> **Problem description**
Find the line containing "You are a computer-use agent." in the records below. Copy exactly that line and each one after it, ending at the line containing "Instruction: Locate the", and nothing more.

> **Excerpted data**

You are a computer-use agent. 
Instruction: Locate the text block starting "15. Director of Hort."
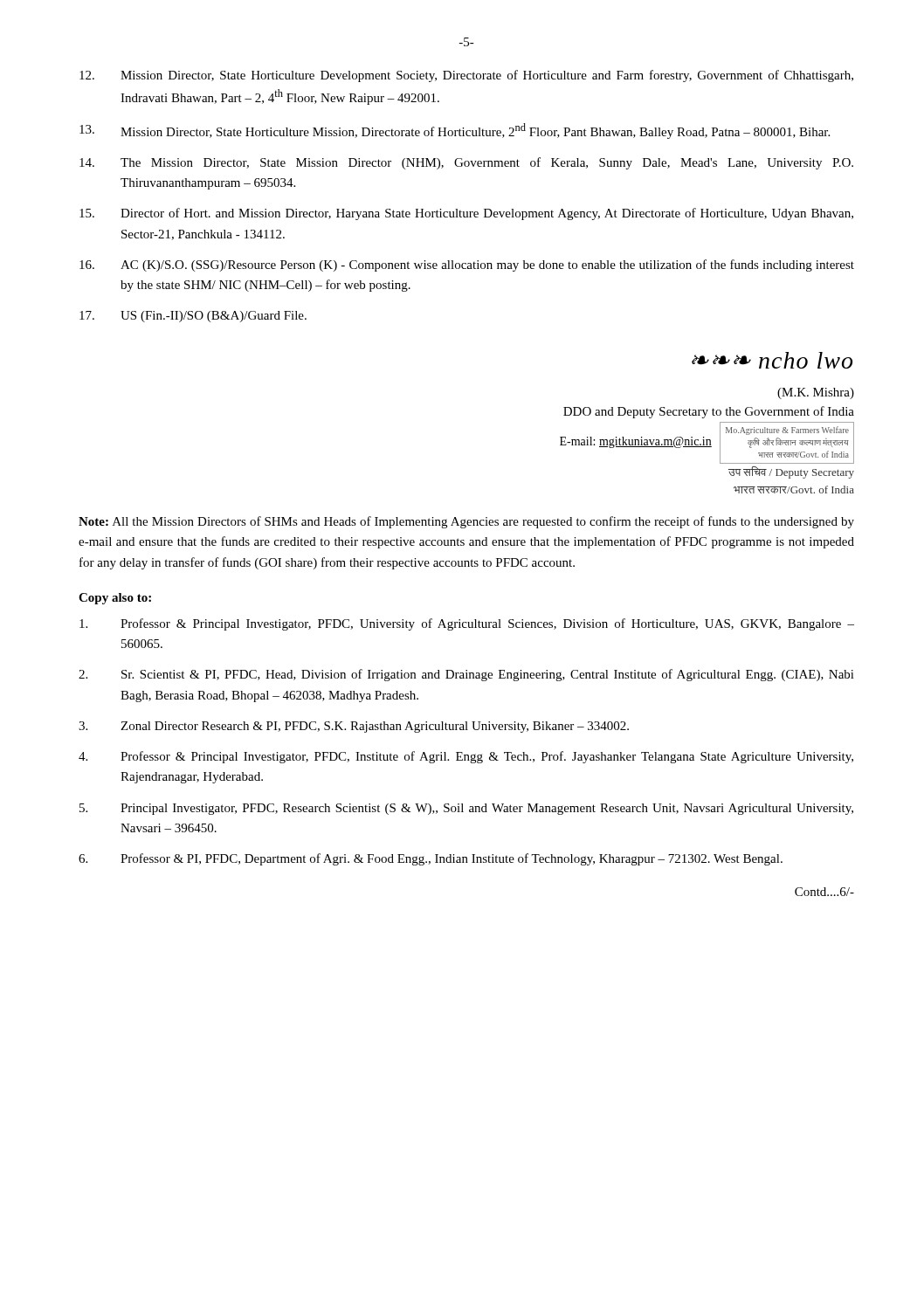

...

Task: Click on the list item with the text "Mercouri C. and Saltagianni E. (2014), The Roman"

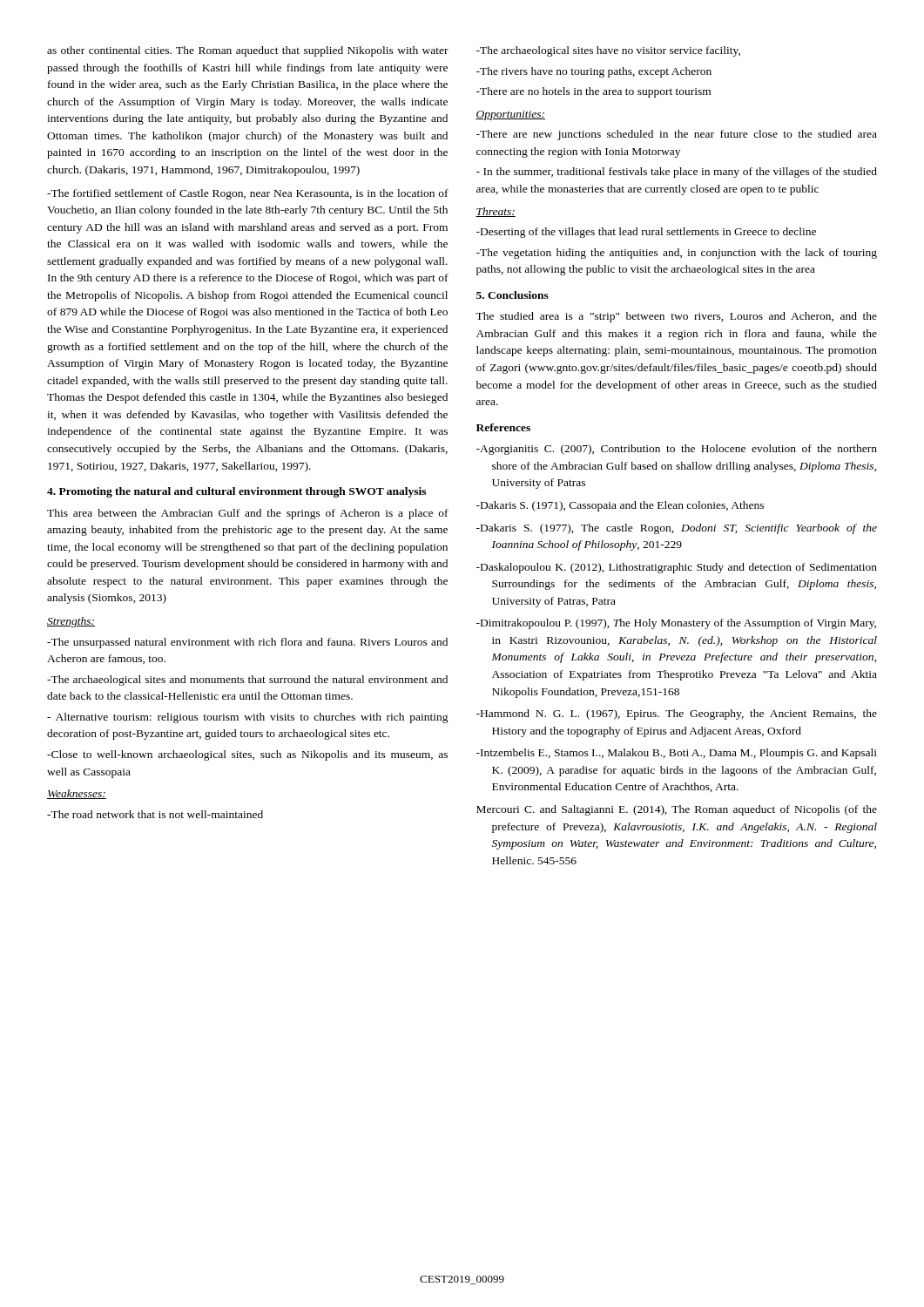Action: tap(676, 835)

...

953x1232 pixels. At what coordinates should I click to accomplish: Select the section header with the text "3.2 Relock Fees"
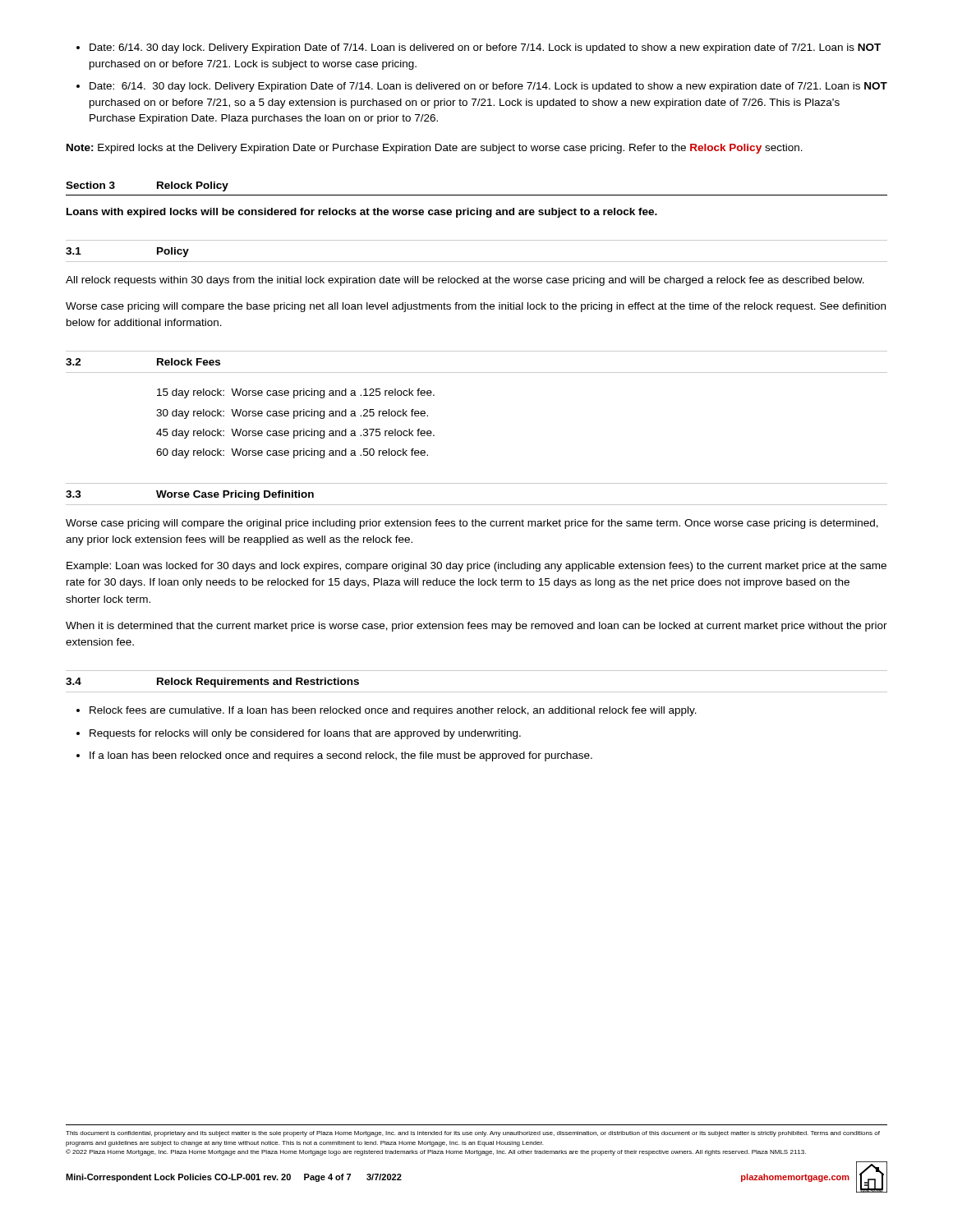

> **Your response**
You are a computer-use agent. 
Instruction: Locate the text block starting "15. Director of Hort."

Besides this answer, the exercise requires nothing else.